Step 2Place the cherries in a 1-quart sealable plastic bag and pour the cooled wine over them. Press out all of the air and seal the bag tightly. Place this bag inside another, press out the air and seal tightly again.

Step 3Bring a large pot of water to 140 degrees. Place the double-bagged cherries into the water and poach at between 140 and 150 degrees for 20 minutes. The first 5 or 10 minutes you'll need to pay attention to the temperature, but after that it will maintain without much fussing. If the water gets too hot, add a little tap water to bring the temperature down. If the bag insists on floating (which it almost always will, thanks to the air trapped in it), place a slightly smaller pot on top of it to press it down. Turn the bag once or twice to ensure even cooking.

Step 4After 20 minutes, remove the bag from the pot. Place a strainer over a small saucepan and empty the cherries into it, collecting the poaching liquid underneath. Set the cherries aside in a bowl and simmer the poaching liquid until it has reduced to a syrup. Pour the syrup over the cherries and toss to coat well. Set aside until ready to assemble.
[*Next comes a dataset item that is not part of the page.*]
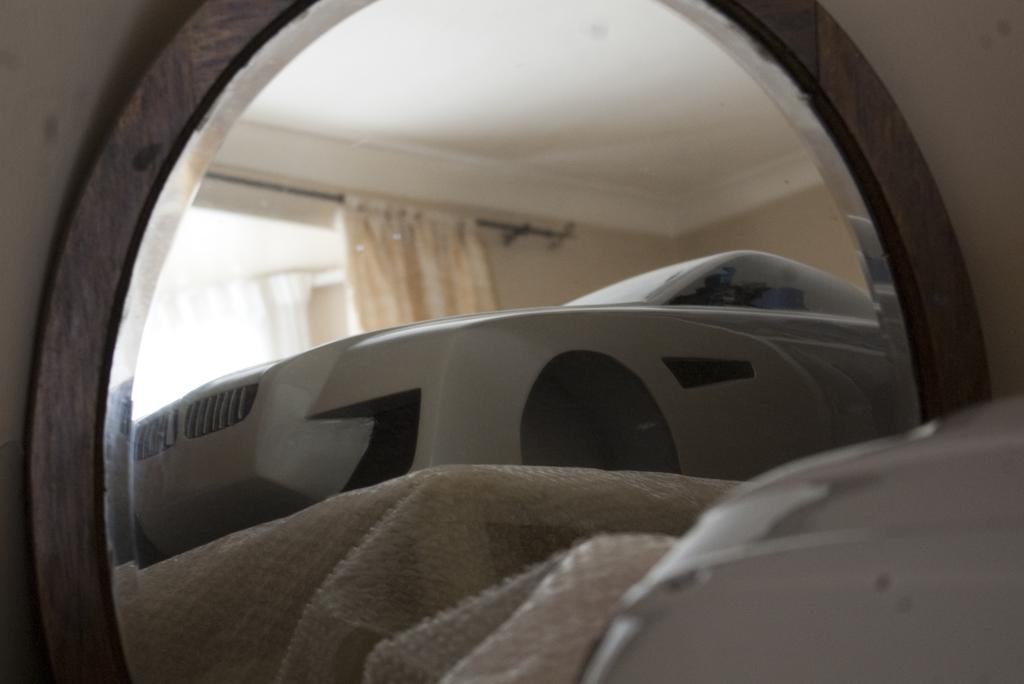What type of space is depicted in the image? The image is of a room. What is located in the foreground of the room? There is a mirror in the foreground of the room. What does the mirror reflect in the image? The mirror reflects a cover and an object, as well as a curtain and a wall. How many ducks are visible in the image? There are no ducks present in the image. What type of knee can be seen in the image? There is no knee visible in the image.

Step 5When ready to serve, sweeten the homemade ricotta with 1 teaspoon of sugar and mound in the center of a platter. Dust lightly with cinnamon. Scatter the glazed cherries and their juice around the outside, and serve.

Note: This recipe for homemade ricotta comes from Roy Finamore's new book, "Tasty." The technique for the cherries comes from Josiah Citrin of Melisse restaurant.